LOL! I Did? Well, it sounds like something I'd bring up. And, yes, I still think it would make more sense to place it at the beginning.
cccc_iiiiiii_zci_ddddddddd_sssssssss
just looks better to me (and better matches PASM's instruction layout too).
Also, some side benefits:
But, as Dave points out, the position is arbitrary. This all comes down to Chip's personal preference. Would he change it now? I doubt it. Unless he thought that the first bullet above was reason enough.
I imagine the only reason the condition bits are where they are is because one naturally tends to think of the opcode first.
In most processors I would have said it makes no difference where the different bit fields go in an instruction unless one has variable length instructions. But as you say, perhaps when thinking about self modifying code there is an advantage to moving things into convenient positions.
Self-modifying code is frowned upon in much of the computing world. It can make understanding how a program works rather difficult. Probably has security issues in a general purpose OS. Besides how are you going do it when executing from ROM?
But this is the Propeller. With the P1 self-modifying code is essential due to the nature of it's addressing modes and lack of indexing from registers. One has to be able to modify src/dst addresses within an instruction so as to index into arrays for example. You will find a lot of self-modifying code in OBEX. I see no reason for frowning on modification of condition bits.
Knowing you, I know what this means :-D
The reason that the condition field is located in the middle of the instruction is just because I made it that way a long time ago on Prop1 and carried it over to Prop2.
I was looking at our encodings and I agree that it would be a lot cleaner to have that 4-bit field at the head of the instruction. It would then mimic the order of the assembly language and, as someone pointed out, enable SETNIB7 to affect an instruction's condition, freeing up SETCOND for some other use. After I get the WRLONG-repeat done, I will make this change. It's rather trivial, but will take several hours to go through all the affected Verilog and assembler code. One other benefit to doing this is that it makes the 20-bit immediate addresses and 23-bit immediates for AUGS/AUGD contiguous. It's a lot cleaner.

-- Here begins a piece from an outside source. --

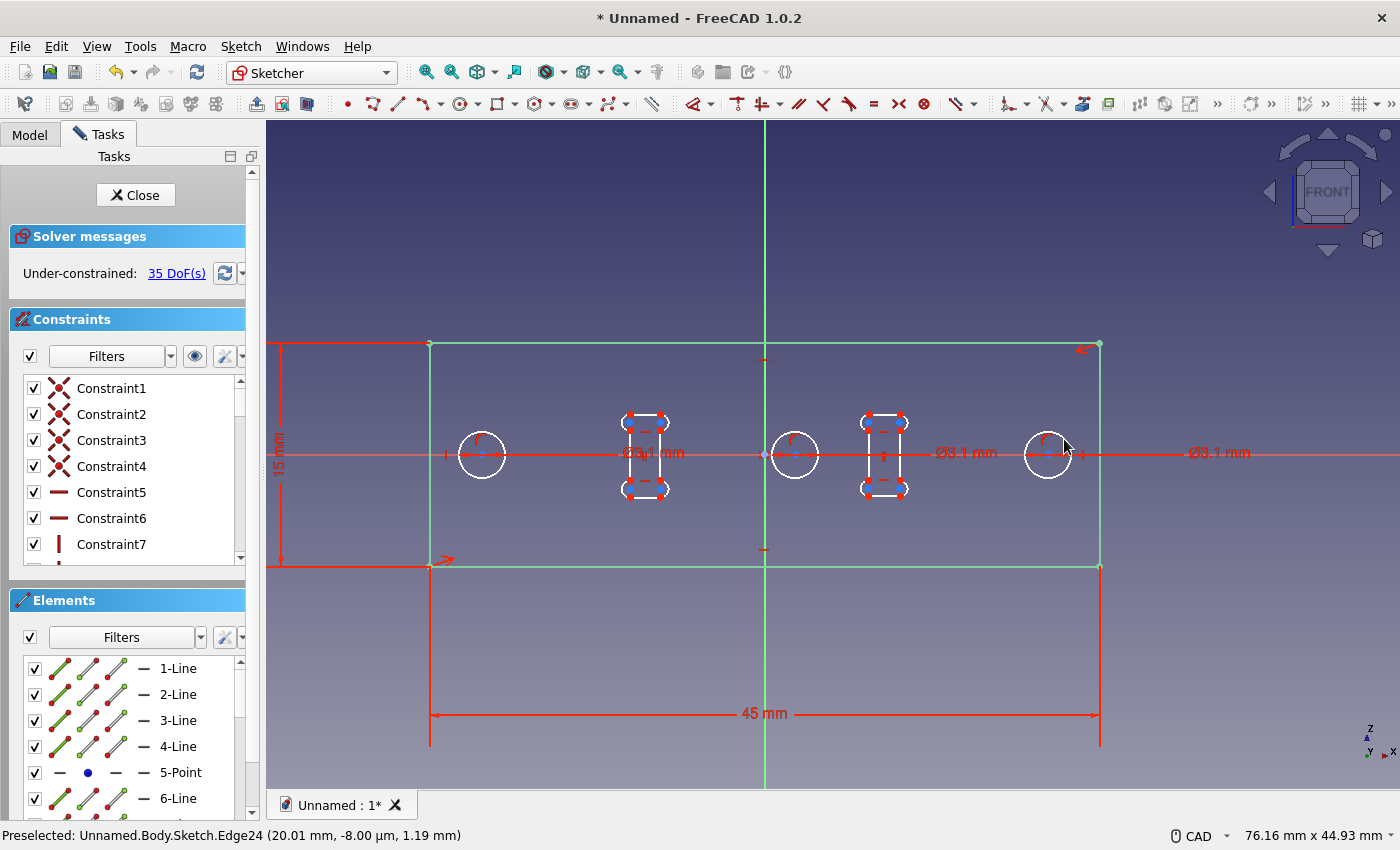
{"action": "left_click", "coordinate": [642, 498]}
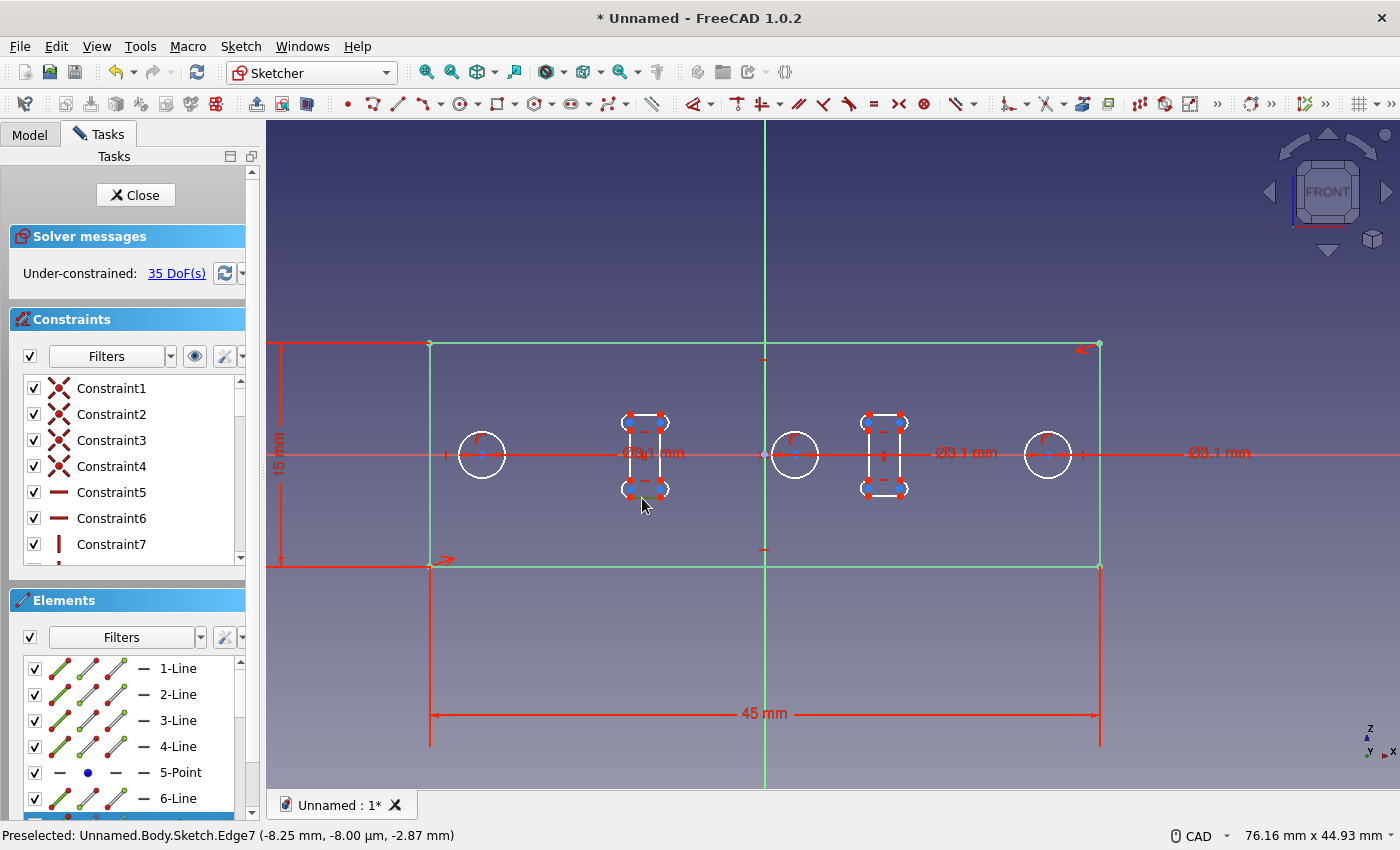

Thanks for bringing this up, Guys.
Dave Hein, please forgive me. And, yes, some stuff got shuffled a bit when I got rid of RDLONGS/WRLONGS. It was only several instructions, though.
I can hear Dave's 'Nooooooooo' from here....
Still, cleaner opcodes will save everyone time downstream..
Since SETCOND was no longer needed and SETDS was rather superfluous, I removed them and added in the Prop2-Hot instructions SEUSSF/SEUSSR which do crazy bit rearranging and inverting in fixed forward and reverse patterns.
Now back to WRLONG-repeat.
Just a note to say that some P1 code uses the instruction bits position as a counter and sets the C flags when it overflows as a trick to speed-up reading/writing from hub memory, if I understand correctly, it won't work anymore if the positions is changed. I don't know if on P2 this kind of tricks are still needed or there are better/faster ways to do these things (admittely I'm a bit lost about the P2 feature changes...) but I would think a bit more before changing the instruction layout, maybe it still could be used for something else.
I've just been trying to work out what some of the new instructions do ... There's certainly a lot more there than I was expecting to find.
Now 28 bit constants can be buried within PASM code which also function as NOP's in fine tuned timing loops.
Actually, I'm OK with the changes, it will make it easier to hand assemble and disassemble P2 code, and it does make the bits in large immediate values contiguous. I guess I'll wait for a new instruction spec document before I incorporate the changes in spinsim.
That also means constants could need to be placement floating, and placed last.
Keeps the code readable, but allows more use of COG memory.